_Data entries_:
*-*-*

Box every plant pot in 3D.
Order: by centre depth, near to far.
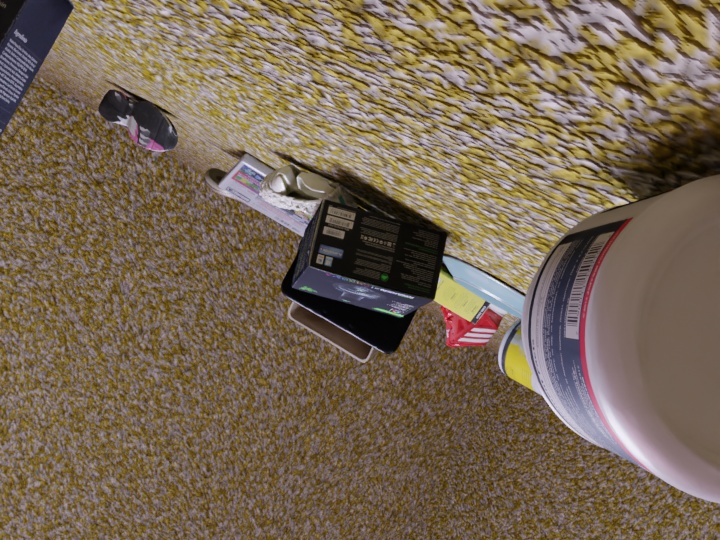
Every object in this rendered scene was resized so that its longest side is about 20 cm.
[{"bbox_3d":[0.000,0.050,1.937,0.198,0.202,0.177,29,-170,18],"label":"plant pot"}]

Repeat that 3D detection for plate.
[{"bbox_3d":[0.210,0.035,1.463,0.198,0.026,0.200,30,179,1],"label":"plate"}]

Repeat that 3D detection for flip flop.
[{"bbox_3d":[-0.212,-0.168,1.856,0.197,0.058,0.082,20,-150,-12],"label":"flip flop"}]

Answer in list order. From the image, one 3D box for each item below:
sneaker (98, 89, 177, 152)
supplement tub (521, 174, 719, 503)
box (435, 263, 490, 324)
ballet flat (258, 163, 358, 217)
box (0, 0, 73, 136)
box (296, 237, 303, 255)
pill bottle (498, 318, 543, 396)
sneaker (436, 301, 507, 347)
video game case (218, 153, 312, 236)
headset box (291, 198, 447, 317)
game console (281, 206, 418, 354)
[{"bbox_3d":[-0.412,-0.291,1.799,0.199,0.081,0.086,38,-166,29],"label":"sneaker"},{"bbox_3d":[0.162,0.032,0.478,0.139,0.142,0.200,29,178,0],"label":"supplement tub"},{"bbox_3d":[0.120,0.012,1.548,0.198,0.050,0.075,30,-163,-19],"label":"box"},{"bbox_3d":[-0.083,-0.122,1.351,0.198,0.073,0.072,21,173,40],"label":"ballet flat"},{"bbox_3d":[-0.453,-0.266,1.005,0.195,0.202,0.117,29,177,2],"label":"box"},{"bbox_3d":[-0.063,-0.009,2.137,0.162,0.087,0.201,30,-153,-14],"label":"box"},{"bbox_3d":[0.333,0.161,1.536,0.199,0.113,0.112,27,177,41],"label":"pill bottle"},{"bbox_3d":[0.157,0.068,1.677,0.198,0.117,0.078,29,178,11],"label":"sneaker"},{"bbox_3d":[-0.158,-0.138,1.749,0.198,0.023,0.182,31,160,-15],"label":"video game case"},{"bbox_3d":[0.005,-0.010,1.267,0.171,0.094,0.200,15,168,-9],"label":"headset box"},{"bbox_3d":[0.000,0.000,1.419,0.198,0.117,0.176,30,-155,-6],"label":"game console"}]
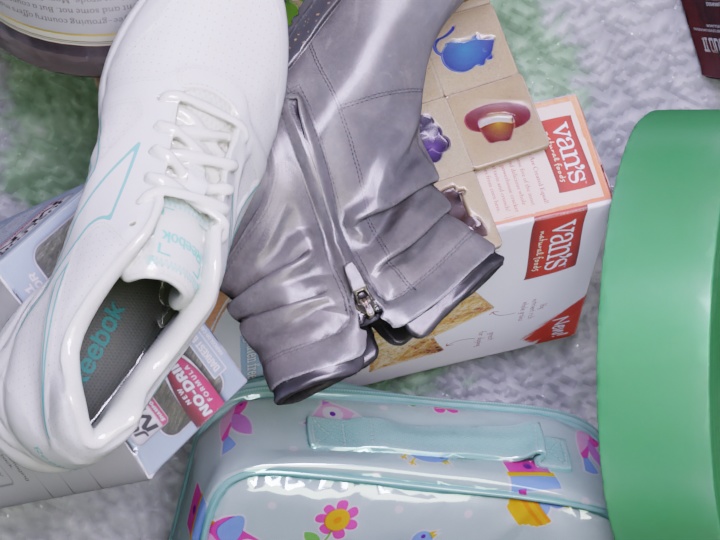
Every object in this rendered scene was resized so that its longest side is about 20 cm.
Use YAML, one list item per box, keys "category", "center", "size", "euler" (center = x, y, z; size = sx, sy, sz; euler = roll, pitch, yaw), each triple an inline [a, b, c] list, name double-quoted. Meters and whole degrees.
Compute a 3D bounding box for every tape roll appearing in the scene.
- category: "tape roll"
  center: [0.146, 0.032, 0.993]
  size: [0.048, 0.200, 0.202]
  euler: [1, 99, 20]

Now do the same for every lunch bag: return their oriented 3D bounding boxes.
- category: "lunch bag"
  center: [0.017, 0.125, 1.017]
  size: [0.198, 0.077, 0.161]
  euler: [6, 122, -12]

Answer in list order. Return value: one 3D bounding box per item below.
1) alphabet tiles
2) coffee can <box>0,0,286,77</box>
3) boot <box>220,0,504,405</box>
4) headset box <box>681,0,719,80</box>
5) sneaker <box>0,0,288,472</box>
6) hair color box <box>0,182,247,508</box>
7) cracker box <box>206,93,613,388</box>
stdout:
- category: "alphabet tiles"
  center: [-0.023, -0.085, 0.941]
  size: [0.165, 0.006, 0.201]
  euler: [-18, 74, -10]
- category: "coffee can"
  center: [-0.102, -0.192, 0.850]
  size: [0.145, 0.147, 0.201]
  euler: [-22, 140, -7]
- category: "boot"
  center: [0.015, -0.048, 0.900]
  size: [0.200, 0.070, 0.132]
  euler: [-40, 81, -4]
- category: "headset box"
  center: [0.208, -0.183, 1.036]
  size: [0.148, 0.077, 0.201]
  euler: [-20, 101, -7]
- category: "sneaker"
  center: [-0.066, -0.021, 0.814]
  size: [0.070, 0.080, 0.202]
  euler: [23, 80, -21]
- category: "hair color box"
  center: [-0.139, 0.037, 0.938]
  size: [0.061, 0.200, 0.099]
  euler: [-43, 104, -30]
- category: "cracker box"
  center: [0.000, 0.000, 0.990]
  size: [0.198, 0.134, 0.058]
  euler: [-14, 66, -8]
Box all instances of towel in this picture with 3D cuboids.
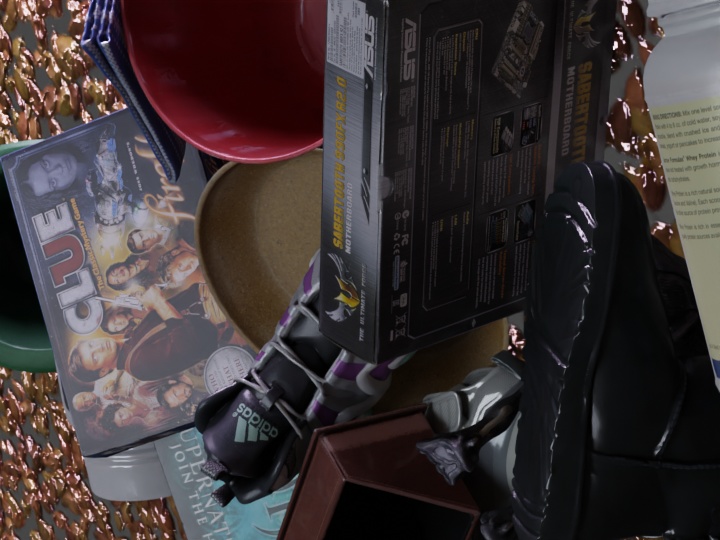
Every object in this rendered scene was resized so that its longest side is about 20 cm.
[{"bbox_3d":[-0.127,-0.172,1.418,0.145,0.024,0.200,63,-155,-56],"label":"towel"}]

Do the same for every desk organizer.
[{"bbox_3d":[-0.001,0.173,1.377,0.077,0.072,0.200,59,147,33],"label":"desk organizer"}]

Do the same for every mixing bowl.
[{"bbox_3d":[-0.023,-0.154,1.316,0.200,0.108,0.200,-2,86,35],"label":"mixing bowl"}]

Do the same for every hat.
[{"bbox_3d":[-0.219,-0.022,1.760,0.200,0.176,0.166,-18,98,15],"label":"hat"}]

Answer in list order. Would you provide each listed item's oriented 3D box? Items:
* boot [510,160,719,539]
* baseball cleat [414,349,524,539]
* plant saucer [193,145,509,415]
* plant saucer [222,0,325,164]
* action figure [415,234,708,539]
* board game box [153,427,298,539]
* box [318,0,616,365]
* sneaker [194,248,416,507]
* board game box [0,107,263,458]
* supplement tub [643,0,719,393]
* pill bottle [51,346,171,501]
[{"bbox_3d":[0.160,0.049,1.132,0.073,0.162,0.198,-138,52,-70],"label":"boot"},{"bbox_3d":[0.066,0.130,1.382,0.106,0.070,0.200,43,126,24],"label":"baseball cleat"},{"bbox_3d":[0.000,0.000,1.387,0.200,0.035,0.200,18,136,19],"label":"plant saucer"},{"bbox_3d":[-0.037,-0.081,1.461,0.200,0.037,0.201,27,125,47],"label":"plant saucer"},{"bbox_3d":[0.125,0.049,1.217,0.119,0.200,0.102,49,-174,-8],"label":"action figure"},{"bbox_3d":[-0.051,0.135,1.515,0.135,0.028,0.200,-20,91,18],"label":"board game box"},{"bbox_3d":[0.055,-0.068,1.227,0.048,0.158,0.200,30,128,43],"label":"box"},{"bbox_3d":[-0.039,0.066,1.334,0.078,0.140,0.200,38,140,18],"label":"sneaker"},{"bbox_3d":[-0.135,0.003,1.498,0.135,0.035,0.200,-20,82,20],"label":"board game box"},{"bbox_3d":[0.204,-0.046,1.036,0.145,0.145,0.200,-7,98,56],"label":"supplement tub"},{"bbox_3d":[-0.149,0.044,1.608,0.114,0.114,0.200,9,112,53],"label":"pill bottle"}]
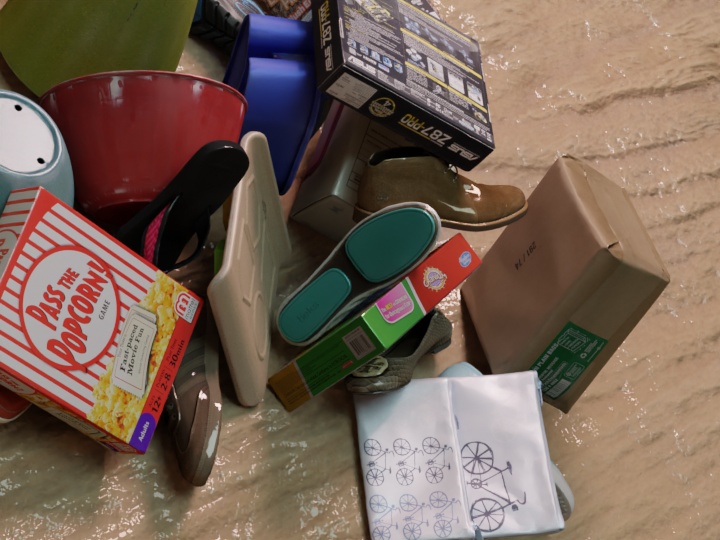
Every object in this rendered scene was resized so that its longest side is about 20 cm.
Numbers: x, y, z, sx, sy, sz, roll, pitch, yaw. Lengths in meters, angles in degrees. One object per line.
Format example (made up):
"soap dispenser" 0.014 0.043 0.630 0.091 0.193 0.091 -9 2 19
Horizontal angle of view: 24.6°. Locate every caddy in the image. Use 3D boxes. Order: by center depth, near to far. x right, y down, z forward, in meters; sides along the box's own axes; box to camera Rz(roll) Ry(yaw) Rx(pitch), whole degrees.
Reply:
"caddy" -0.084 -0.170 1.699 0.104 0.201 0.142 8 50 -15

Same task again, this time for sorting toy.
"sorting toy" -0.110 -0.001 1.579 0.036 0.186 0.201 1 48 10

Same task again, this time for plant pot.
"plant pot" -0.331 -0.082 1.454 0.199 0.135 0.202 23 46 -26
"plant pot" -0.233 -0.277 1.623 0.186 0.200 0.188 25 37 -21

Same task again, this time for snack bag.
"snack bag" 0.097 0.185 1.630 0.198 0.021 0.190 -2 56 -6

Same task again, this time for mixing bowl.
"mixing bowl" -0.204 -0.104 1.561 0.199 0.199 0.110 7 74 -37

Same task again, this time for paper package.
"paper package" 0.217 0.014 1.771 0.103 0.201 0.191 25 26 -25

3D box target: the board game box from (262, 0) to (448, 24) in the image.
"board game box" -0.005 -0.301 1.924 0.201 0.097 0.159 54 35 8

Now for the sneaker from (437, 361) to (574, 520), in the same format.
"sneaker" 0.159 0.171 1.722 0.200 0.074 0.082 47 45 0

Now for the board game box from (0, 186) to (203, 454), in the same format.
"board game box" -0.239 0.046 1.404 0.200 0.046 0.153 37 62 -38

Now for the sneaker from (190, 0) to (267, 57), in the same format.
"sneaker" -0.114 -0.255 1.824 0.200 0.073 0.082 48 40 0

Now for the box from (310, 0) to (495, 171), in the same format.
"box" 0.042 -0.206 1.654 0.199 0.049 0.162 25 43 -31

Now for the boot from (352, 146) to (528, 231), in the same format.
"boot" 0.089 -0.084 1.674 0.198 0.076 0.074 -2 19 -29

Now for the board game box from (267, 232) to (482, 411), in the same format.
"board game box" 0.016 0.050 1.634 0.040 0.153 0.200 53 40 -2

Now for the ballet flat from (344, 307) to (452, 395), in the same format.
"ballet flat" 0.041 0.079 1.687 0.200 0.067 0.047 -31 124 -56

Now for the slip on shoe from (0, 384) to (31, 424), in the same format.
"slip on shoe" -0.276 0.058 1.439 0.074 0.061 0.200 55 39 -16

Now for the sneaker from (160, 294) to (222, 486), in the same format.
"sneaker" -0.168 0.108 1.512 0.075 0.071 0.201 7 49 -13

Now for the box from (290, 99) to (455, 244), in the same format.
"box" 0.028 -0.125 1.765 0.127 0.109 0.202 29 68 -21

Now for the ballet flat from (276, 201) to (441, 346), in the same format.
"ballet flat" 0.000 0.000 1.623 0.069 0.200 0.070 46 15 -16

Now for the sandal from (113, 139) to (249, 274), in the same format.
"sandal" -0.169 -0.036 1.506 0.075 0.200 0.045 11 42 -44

*-*-*

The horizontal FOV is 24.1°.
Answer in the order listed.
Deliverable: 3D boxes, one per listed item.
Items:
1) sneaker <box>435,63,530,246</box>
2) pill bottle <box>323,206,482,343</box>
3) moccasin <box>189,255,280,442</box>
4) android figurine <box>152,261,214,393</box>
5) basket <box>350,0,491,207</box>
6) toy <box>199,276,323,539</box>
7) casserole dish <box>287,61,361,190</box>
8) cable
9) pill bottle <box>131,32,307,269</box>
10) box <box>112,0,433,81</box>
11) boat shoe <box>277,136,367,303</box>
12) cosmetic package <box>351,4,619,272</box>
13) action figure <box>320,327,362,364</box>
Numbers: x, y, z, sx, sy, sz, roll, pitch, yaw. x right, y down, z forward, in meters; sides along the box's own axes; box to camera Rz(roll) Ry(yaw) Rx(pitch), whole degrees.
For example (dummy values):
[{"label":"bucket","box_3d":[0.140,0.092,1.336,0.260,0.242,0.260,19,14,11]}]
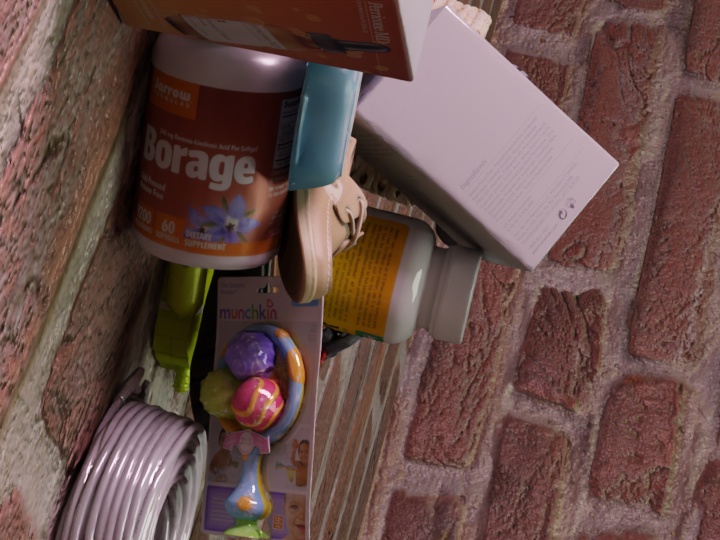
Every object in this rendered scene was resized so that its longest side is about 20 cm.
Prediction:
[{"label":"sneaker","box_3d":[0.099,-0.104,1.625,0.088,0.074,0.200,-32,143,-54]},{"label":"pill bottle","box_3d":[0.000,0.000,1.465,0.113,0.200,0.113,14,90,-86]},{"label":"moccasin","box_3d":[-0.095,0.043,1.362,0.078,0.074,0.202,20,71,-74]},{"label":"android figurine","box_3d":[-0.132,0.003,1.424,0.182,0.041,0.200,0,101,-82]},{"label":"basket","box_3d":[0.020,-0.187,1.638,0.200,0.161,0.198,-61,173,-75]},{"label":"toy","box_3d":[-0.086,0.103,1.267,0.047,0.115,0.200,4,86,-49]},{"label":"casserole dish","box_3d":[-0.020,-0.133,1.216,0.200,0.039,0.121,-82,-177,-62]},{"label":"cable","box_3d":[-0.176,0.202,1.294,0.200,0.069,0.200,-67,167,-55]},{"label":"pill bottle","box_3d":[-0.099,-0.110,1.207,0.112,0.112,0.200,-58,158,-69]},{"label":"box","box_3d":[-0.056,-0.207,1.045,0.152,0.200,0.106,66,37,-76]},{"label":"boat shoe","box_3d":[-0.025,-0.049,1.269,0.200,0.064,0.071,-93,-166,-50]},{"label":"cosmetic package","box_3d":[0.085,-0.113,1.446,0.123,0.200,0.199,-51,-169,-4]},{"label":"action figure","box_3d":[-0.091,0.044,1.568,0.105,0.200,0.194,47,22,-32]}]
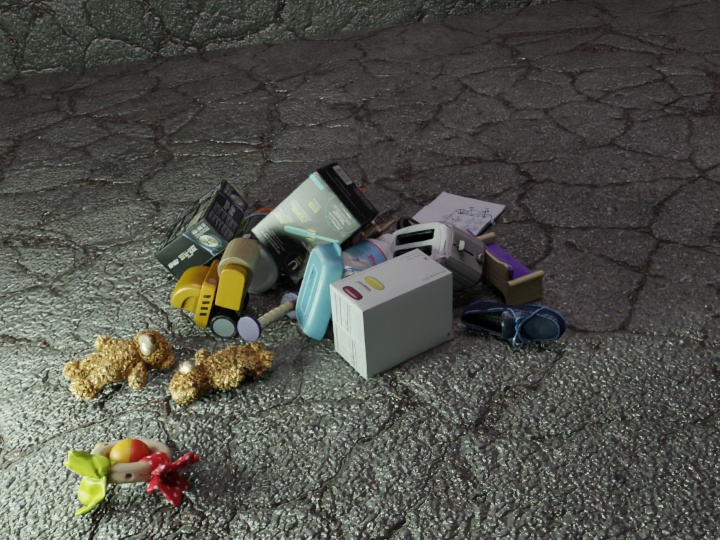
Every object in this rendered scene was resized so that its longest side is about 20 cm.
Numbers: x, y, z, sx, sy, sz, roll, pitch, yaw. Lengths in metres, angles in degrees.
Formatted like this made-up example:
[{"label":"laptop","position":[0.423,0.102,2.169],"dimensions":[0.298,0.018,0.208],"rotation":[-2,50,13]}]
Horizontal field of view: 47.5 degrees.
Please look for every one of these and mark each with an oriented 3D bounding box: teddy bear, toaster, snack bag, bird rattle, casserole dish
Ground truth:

*-*-*

_Your objective_:
Your answer must be a single number: the count of lines in the records above that contain "Lengths".

_Finished exercise_:
2